Saturday, October 6, 2012

Breaking Up Is Hard To Do




At the end of a morning safety briefing the acting supervisor told us. “As far as I know, the job will be abolished October eleventh.”
The meeting breaks up and the crowd murmurs. The big question has just been answered and with an actual measure of authority. None of the usual “I heard from my cousin in the office…,” or “My step-dad working in Rosemont told me…” This is a concrete answer from someone in know. No bullshit. The end is nigh. Questions take flight and flutter about our heads: What you gonna do? Where you going to go? 
Most of the ground guys haven’t made the Driver and RMO rosters. We are low on the lists of seniority. The options for us are limited. We ask anyway, we repeat the above fact of our helplessness to each other, in frustration, for comfort. We join the din.
“Much as this sucks and I can’t wait to get out of here, I kinda don’t want this to end,” someone says.
He isn’t wrong: I hate the repetitive nature of the work and I’m sick of seeing the same faces every day and this has lasted way too long and I want a break. But not that the horizon is in view, I panic when I realize there’s more to it than I care to admit.

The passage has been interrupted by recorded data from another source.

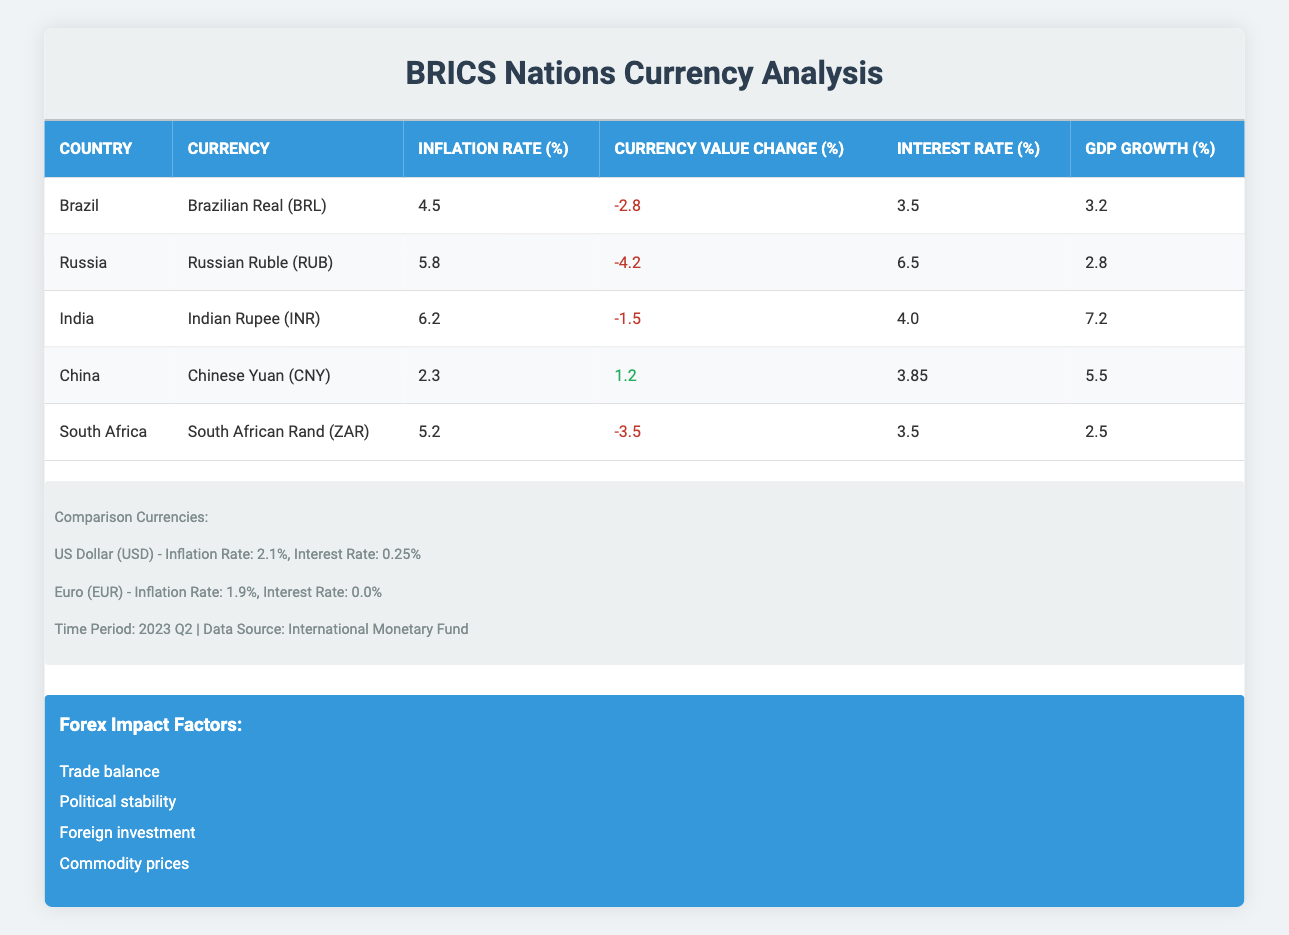What is the inflation rate for India? The table lists India with an inflation rate of 6.2%. This is directly retrieved from the inflation rate column for India.
Answer: 6.2% Which currency experienced the highest depreciation? The currency value change for each country shows that the Russian Ruble had the lowest value change at -4.2%, indicating the highest depreciation.
Answer: Russian Ruble (RUB) What is the average inflation rate of the BRICS nations? The inflation rates for the BRICS countries are (4.5 + 5.8 + 6.2 + 2.3 + 5.2) = 24.0. There are 5 countries, so the average is 24.0 / 5 = 4.8.
Answer: 4.8% Is the interest rate of China higher than that of Brazil? China has an interest rate of 3.85%, while Brazil's interest rate is 3.5%. Since 3.85% is greater than 3.5%, the statement is true.
Answer: Yes Which country has the lowest GDP growth rate among BRICS nations? Looking at the GDP growth rates, South Africa has the lowest at 2.5%. This is clearly shown in the GDP Growth column.
Answer: South Africa What is the currency value change for China? From the table, the currency value change for China is listed as 1.2%, which indicates a positive change. This is retrieved from the currency change column for China.
Answer: 1.2% Calculate the difference in inflation rates between India and China. India's inflation rate is 6.2%, and China's is 2.3%. The difference is 6.2 - 2.3 = 3.9.
Answer: 3.9 Does South Africa have a higher interest rate than the US Dollar? South Africa's interest rate is 3.5%, while the US Dollar's interest rate is 0.25%. Since 3.5% is greater than 0.25%, this statement is true.
Answer: Yes What is the relationship between inflation rate and currency value change in BRICS nations? By analyzing the data, a negative correlation can be observed where higher inflation rates (like in India and Russia) correspond to negative currency value changes. This indicates that higher inflation often negatively impacts currency value.
Answer: Negative correlation

If this ends, what am I going to do without you guys?
           
Because this production job has lasted so long, (now in the seventh month of its life, four months longer than usual) the ground guys have spent a extraordinary amount of time together. I really hate to describe the relationship as familial but how else to define a group that a) did not chose to become a group in the first place, and b) accepts and includes all regardless of fault, flaw or conflict? The definition of a family member: one second you’re calling them an asshole, the next you’re punching someone in the face for calling them an asshole.
           
We’ve established several systems of identification to bond us in the work and, more importantly, against infidels.  First names and surnames are altered and, in certain instances, changed completely. James becomes Jimmy; J. Crawford is twisted into Crawfish; Tommy D. is transformed into Rogue. Not everyone given a nickname. The christening is not an obligation. (My new moniker? “The Professor.”)
And like any isolated tribe a common tongue has developed between us, cobbled together from ripped slang, favored curses and inside jokes, our own language which solidifies our connections while acting as a shield, a distinct level of separation from the outside world. This is our code: It’s about to get real/I’m goin deep/Oyster crackers and Coloring Books/Gettin it/Little 307 dick stain/Stand up some bottles, bitches/Daywalkers comin/Signal head!/There’s a monster in my pants!/Sucka!/Mmm-Hmm/One rock, one rock/You just got blasted/He’s going blackout.
           
Nobody but those involved will get these references, so I don’t mind sharing. And that’s the point, isn’t it? It’s about us, not you.